To iterate on what others said, but what was not emphasized enough from my point of few:
AI is academic (as a synonym for 'theoretical' and 'math-intensive'). Once you look beyond purely symbolic AI, which proved to be infeasible as @curuinor pointed out somewhere here, you will need to build up at least basic knowledge in probability theory and linear algebra.
If you've never had any exposure to probability theory or statistics, I recommend having a look at the course "MIT 6.041 Probabilistic Systems Analysis and Applied Probability" taught by John Tsitsiklis at MIT (video lectures are available through YouTube and MIT OpenCourseWare for free). Both the course and Tsitsiklis' book are superb learning materials to get into probabilisitc thinking.
Strang's class is very pretty and excellent and just a little bit off from the center of the sorts of linear algebra used in machine learning. Not a lot off, but a little off.
A field that does inspire a lot of deep learning folks and never gets mentiond in this sort of thing is the theory of physical dynamical systems. Attractor is a term that came from here, for example, and much of the mathematics behind the numerical fuckery behind deep nets is dynamical in nature. RNN's are entirely dynamical systems. Classic there is Strogatz book (https://www.amazon.com/Nonlinear-Dynamics-Chaos-Applications...).
There is also information theory, of course, which is part of the MacKay source.
Many of the earlier papers in deep learning-land are really nontrivial to read, because the terminology and worldview of everybody has changed so much. So reading original Werbos or Rumelhart is really difficult. This is really not the case for Sutton and Barto, "RL: An Introduction" (http://webdocs.cs.ualberta.ca/~sutton/book/the-book.html). Two editions, apparently the second edition is basically getting with the program on shoving DL into everything.
Schmidhuber often mentions that Gauss was the original shallow learner. This is a technically correct statement (best kind of statement), but you definitely should probably know linear and logistic regression like the back of your hand before starting on DL too much.
To preface, I'm currently learning several disciplines in tandem along a route suggested by the link, so kudos to them for putting together a solid list of resources.
Now, from the link: "Few universities offer an education that is on par with what you can find online these days. The people pioneering the field from industry and academia so openly and competently share their knowledge that the best curriculum is an open source one."
On the one hand, it is true there are a ton of resources where the largest cost is the time it takes to go through the learning process. And I'm awestruck that research papers are so openly available and practitioners are so willing to share their knowledge to others both in posting their books as PDFs/HTML files and creating online courses.
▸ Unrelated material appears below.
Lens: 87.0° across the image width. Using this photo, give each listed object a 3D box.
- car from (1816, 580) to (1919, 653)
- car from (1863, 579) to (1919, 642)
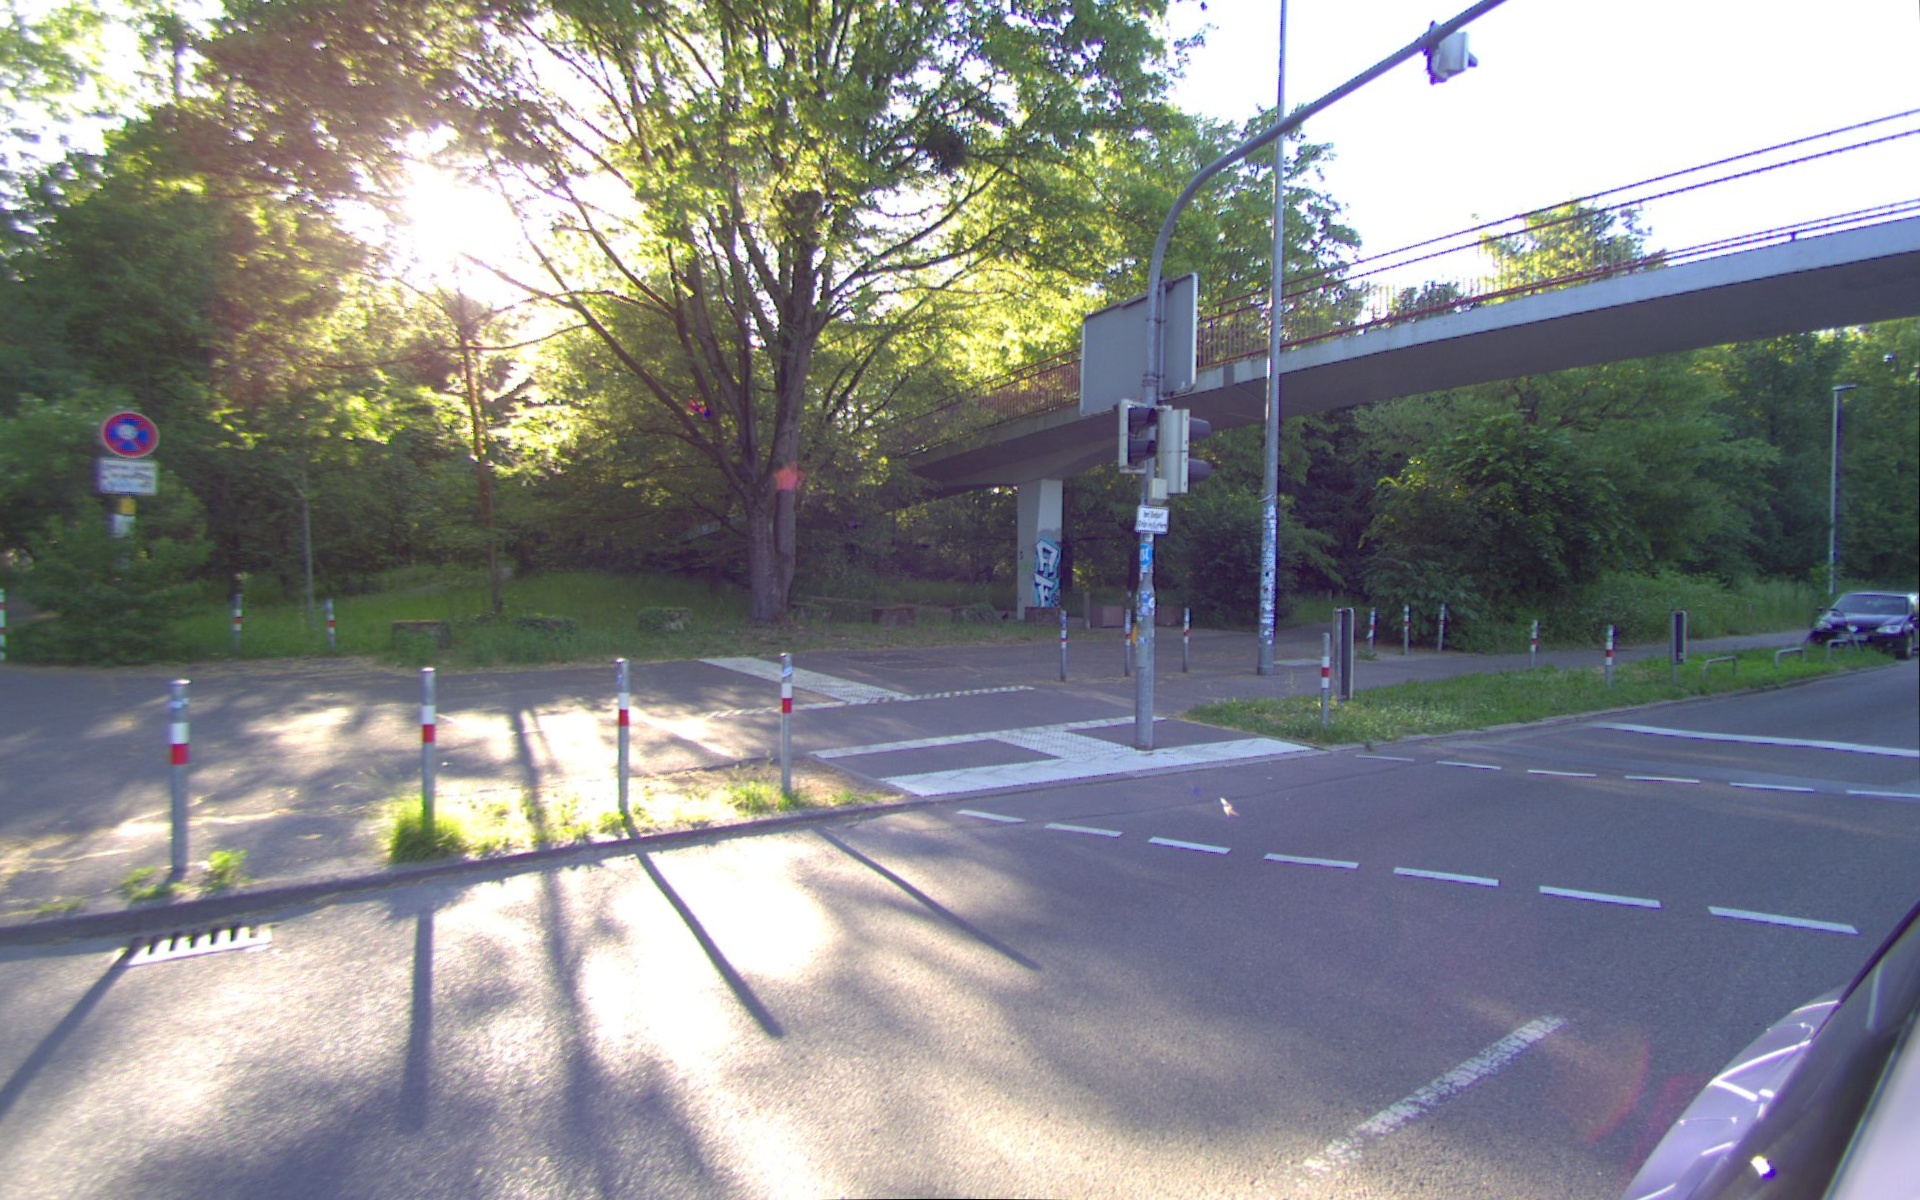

On the other hand, how feasible is it for an individual to work on notable AI companies/projects without a Masters or PhD in a related field? Can that gap be crossed merely by becoming fluent in the various disciplines involved in AI, before contributing non-formally academic research/experiments you've conducted on your own?
The Google Brain Residency is a cool program for non-academics to get into deep learning research, and you can always get into AI on the applications side, but in both cases you're going to have to really try.
What is too much though? Backpropagation uses derivatives, some filters in Computer Vision use multivariate calculus. If you want to have a thorough understanding then calculus is necessary. That said, Andrew Ng was quite good at avoiding calculus in his Machine Learning MOOC, and for applied machine learning I guess calculus is not that important.
A great place to study about math is www.khanacademy.org, they have courses on calculus, probability/statistics and linear algebra.
Strang's complaint is that there's too little linear algebra. This is true. This doesn't overshadow the fact that you're not going to get out of using some partial derivatives in neural net land (and many other AI subfields).
AI is academic (as a synonym for 'theoretical' and 'math-intensive'). Once you look beyond purely symbolic AI, which proved to be infeasible as @curuinor pointed out somewhere here, you will need to build up at least basic knowledge in probability theory and linear algebra.
The path I'm following at the moment is a quite rigorous one and is outlined here (http://www.deeplearningweekly.com/pages/open_source_deep_lea...).
If you've never had any exposure to probability theory or statistics, I recommend having a look at the course "MIT 6.041 Probabilistic Systems Analysis and Applied Probability" taught by John Tsitsiklis at MIT (video lectures are available through YouTube and MIT OpenCourseWare for free). Both the course and Tsitsiklis' book are superb learning materials to get into probabilisitc thinking.
Edit: Link was broken. Thanks to @blauditore.